WARNING: imaging routines will not be available, 
failed to import sherpa.image.ds9_backend due to 
'RuntimeErr: DS9Win unusable: Could not find ds9 on your PATH'
WARNING: failed to import WCS module; WCS routines will not be available
WARNING: failed to import sherpa.astro.xspec; XSPEC models will not be available

Let's load some data:


In [2]:
datadir = "../data/athena/"
data_file = "26.pha"
rmf_file = "athena_xifu_rmf_highres_v20150609.rmf"
arf_file = "athena_xifu_sixte_1469_onaxis_v20150402.arf"

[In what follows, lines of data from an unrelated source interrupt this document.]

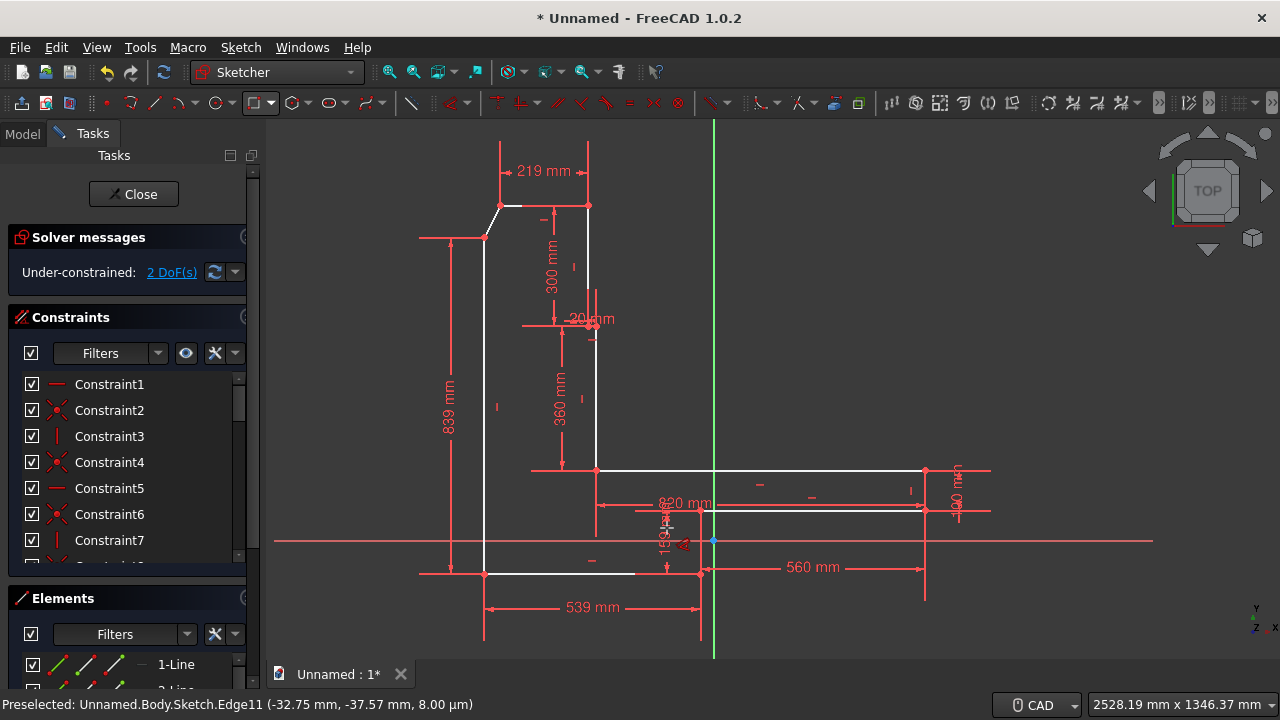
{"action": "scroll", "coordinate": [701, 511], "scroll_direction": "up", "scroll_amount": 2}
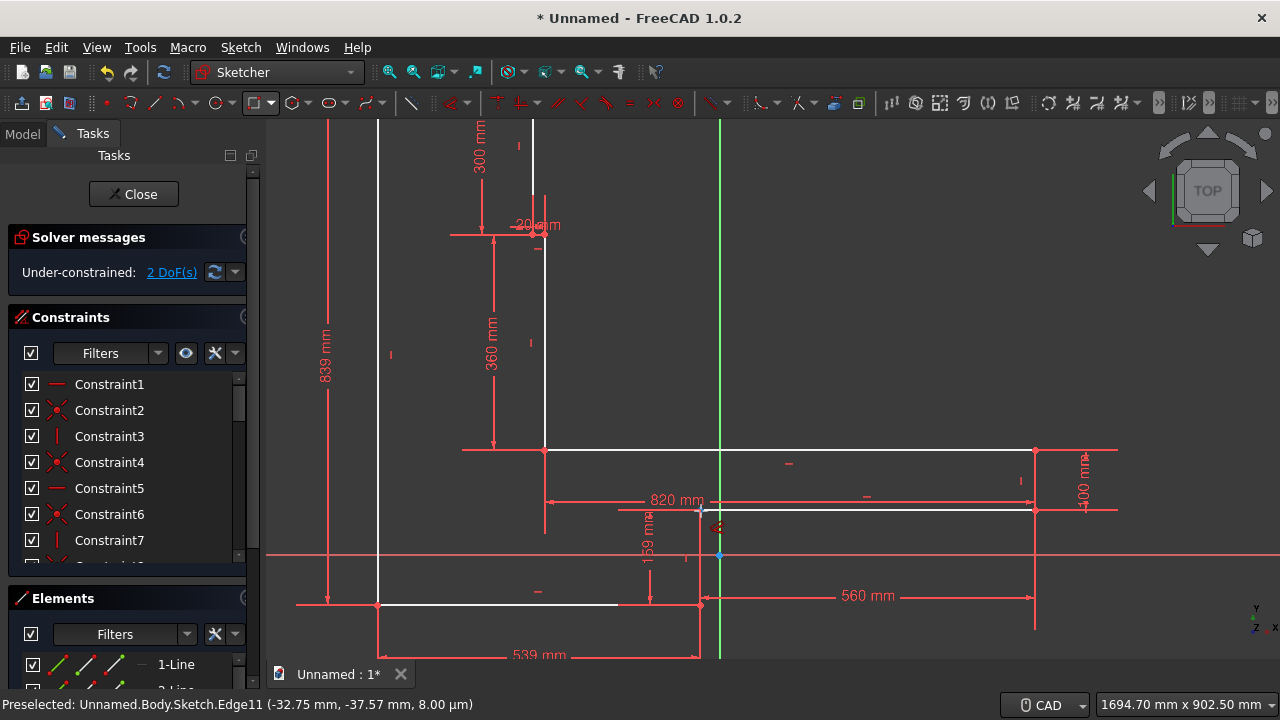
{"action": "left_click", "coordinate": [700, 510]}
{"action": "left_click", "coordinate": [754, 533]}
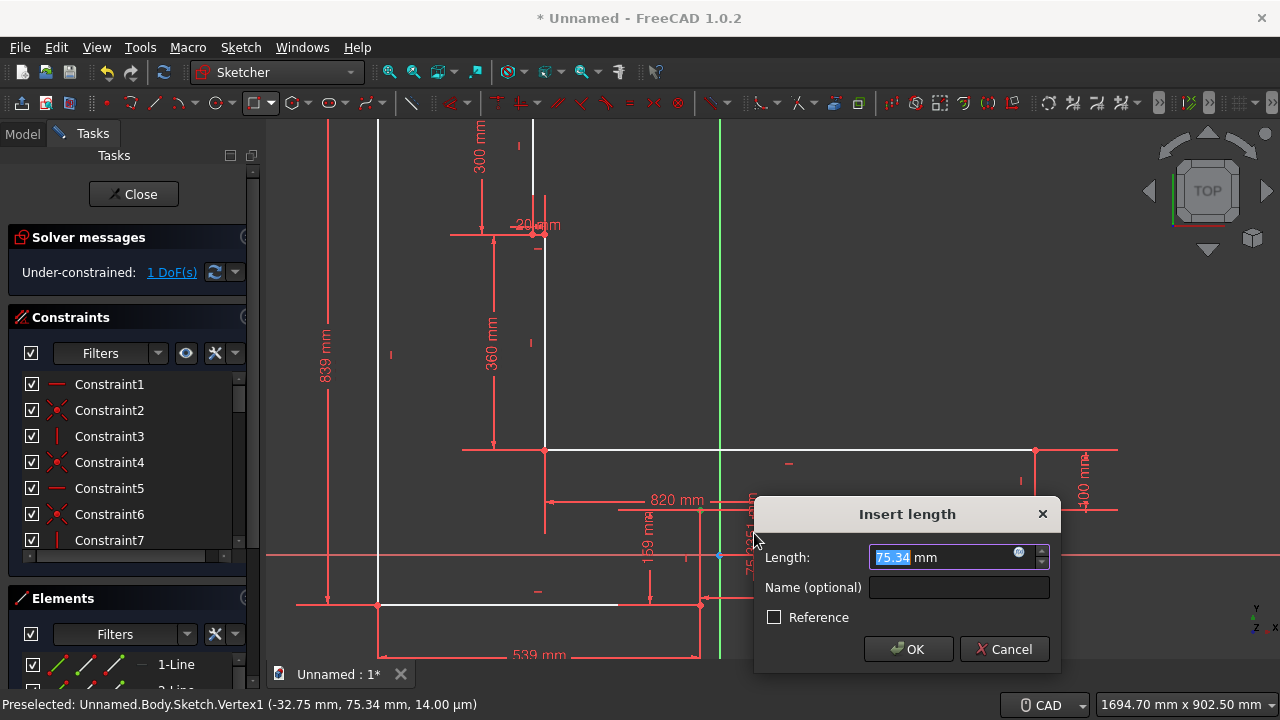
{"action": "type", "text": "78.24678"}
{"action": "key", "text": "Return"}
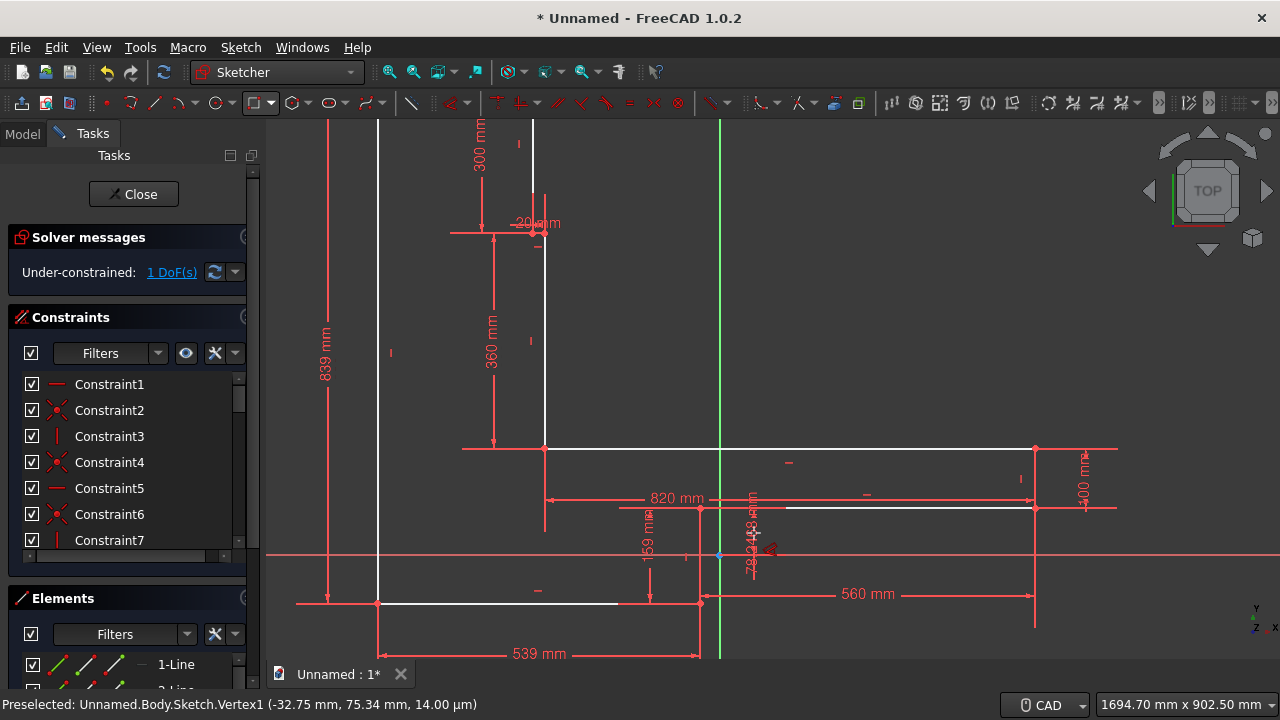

Let's load the data using Clàrsach:


In [3]:
hdulist = fits.open(datadir+data_file)

In [4]:
hdulist.info()


Filename: ../data/athena/26.pha
No.    Name         Type      Cards   Dimensions   Format
  0  PRIMARY     PrimaryHDU       6   ()      
  1  SPECTRUM    BinTableHDU     37   29874R x 2C   [J, J]   

In [5]:
s = hdulist["SPECTRUM"]

In [6]:
s.columns


Out[6]:
ColDefs(
    name = 'CHANNEL'; format = 'J'
    name = 'COUNTS'; format = 'J'
)

In [7]:
channel = s.data.field("CHANNEL")
counts = s.data.field("COUNTS")

In [8]:
plt.figure(figsize=(10,5))
plt.plot(channel, counts)


Out[8]:
[<matplotlib.lines.Line2D at 0x108fdb320>]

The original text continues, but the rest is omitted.